By Karen Graham     Jun 4, 2017 in Environment
With the month of May behind us, we can now say it's official — Global carbon dioxide concentration has set an historic all-time record high for the year, adding to the climate records continually being broken as the Earth warms.
Climate Central notes that this is a sobering reminder to all of us that humans are pushing the climate into a state not seen for millions of years. The monthly average carbon dioxide level for the month of May 2017 was 409.65 parts per million. In May 2016, the CO2 average for May was 407.70 ppm.
Let's look at the historical record going back a few years to understand the significance of this latest marker. Carbon dioxide levels at Mauna Loa Observatory in Hawaii peak in May every year and the May reading serves as a benchmark to gauge future readings.
This is significant now because, in May 2013, the CO2 reading averaged out at 397.30 ppm.
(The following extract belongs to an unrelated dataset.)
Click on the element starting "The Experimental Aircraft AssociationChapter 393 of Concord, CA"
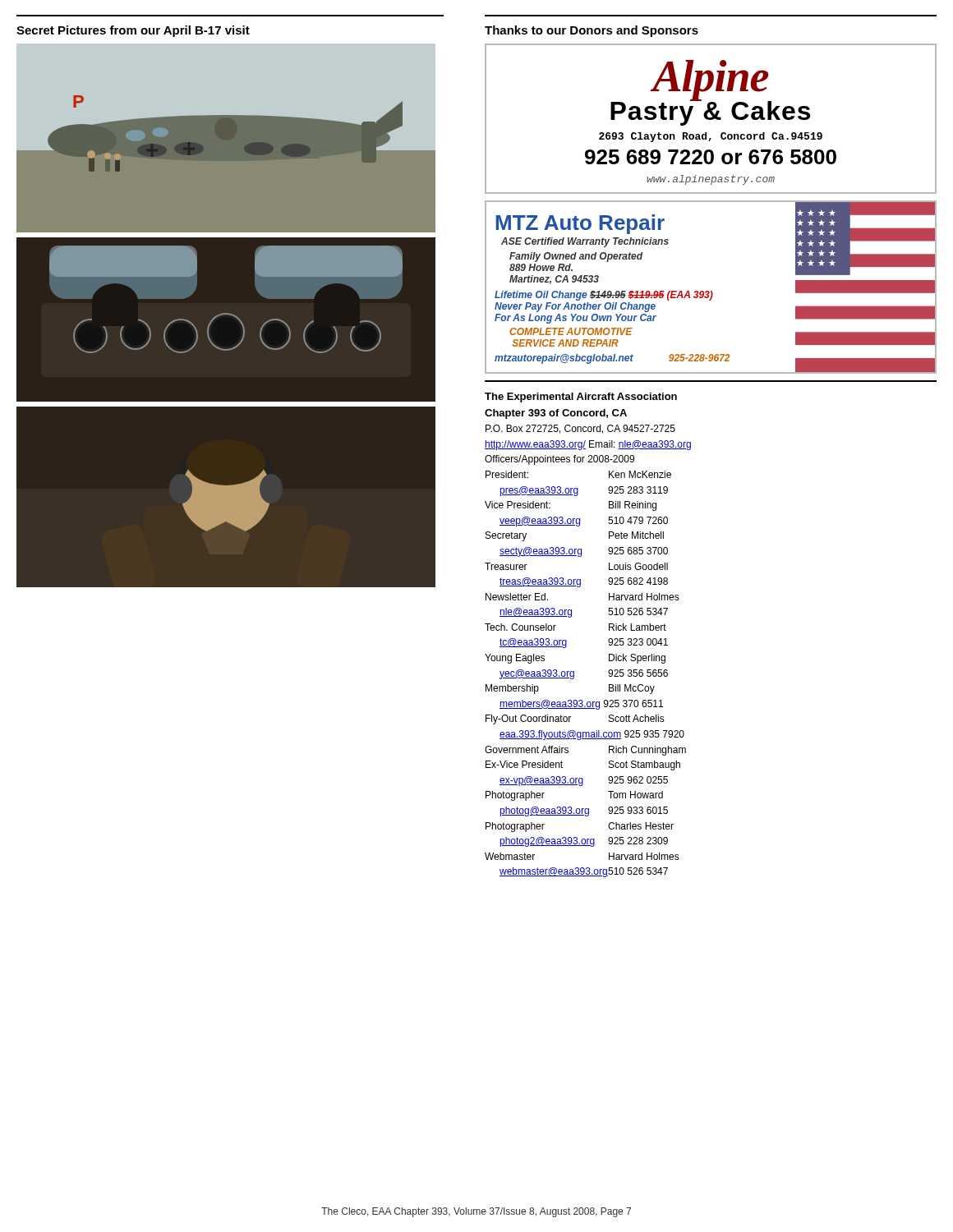Viewport: 953px width, 1232px height. click(x=581, y=398)
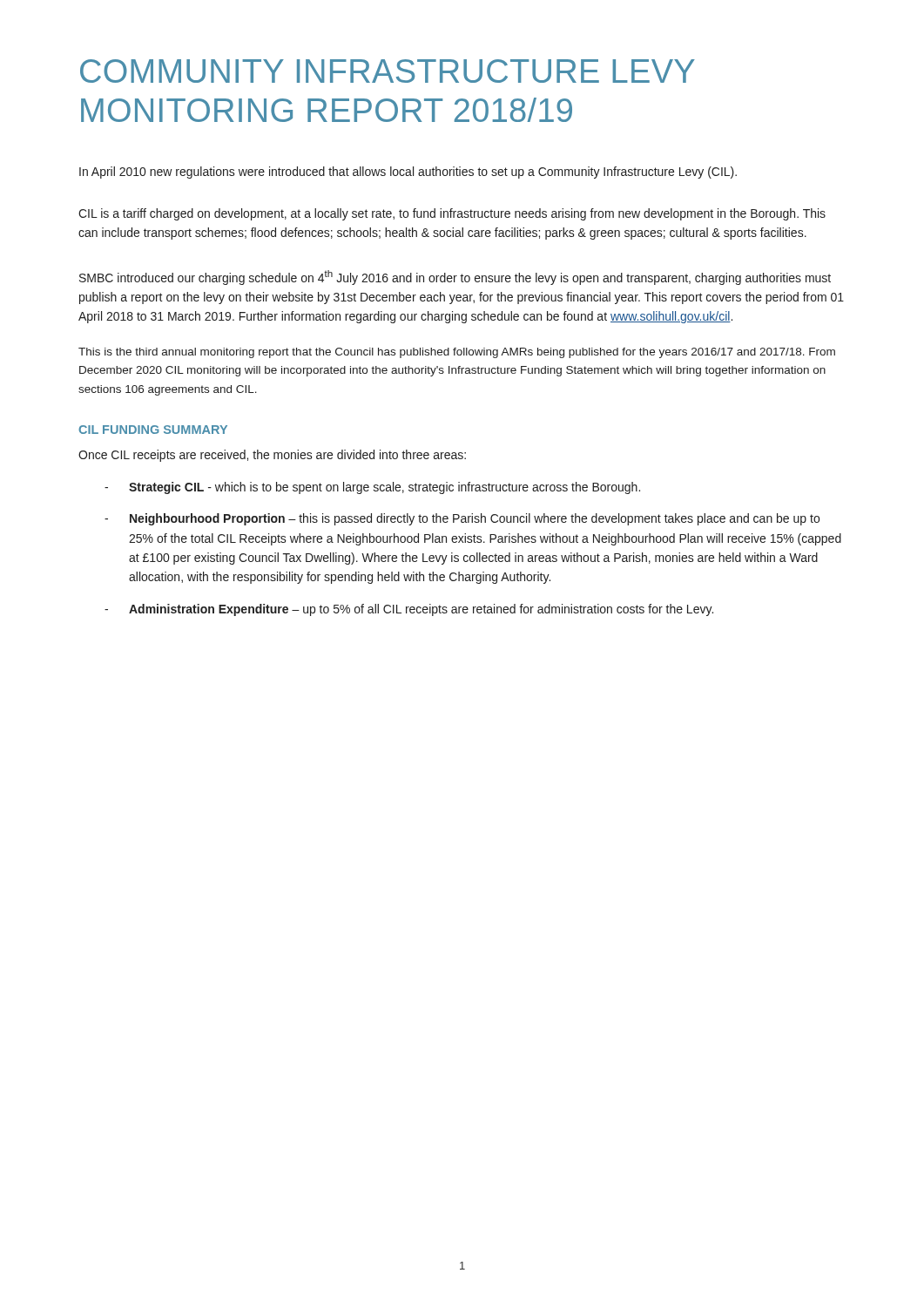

By May 2014, the CO2 level was 400.10 ppm. The carbon dioxide average for May in 2017 has jumped 9.5 ppm in three years.
Climate Central
The news came out just a day after President Donald Trump announced to the world he was pulling the United States out of the Paris Climate Agreement, with complete disregard of the growing evidence of global warming from an administration that has shown little to no interest in addressing the issue, other than to say it is a hoax, reports
Even though plants will draw a few parts per million of carbon dioxide out of the atmosphere over the summer, make no mistake, anthropogenic climate change is pushing CO2 levels even higher. On Tuesday, April 18, 2017, the carbon dioxide concentration in the atmosphere reached in excess pf 410 PPM at the Mauna Loa Observatory, making the reading the highest CO2 level ever recorded since 1958, when record keeping began.
And the UK Met Office scientists were spot on when they predicted what the May CO2 level would be this year when they issued their first carbon dioxide forecast.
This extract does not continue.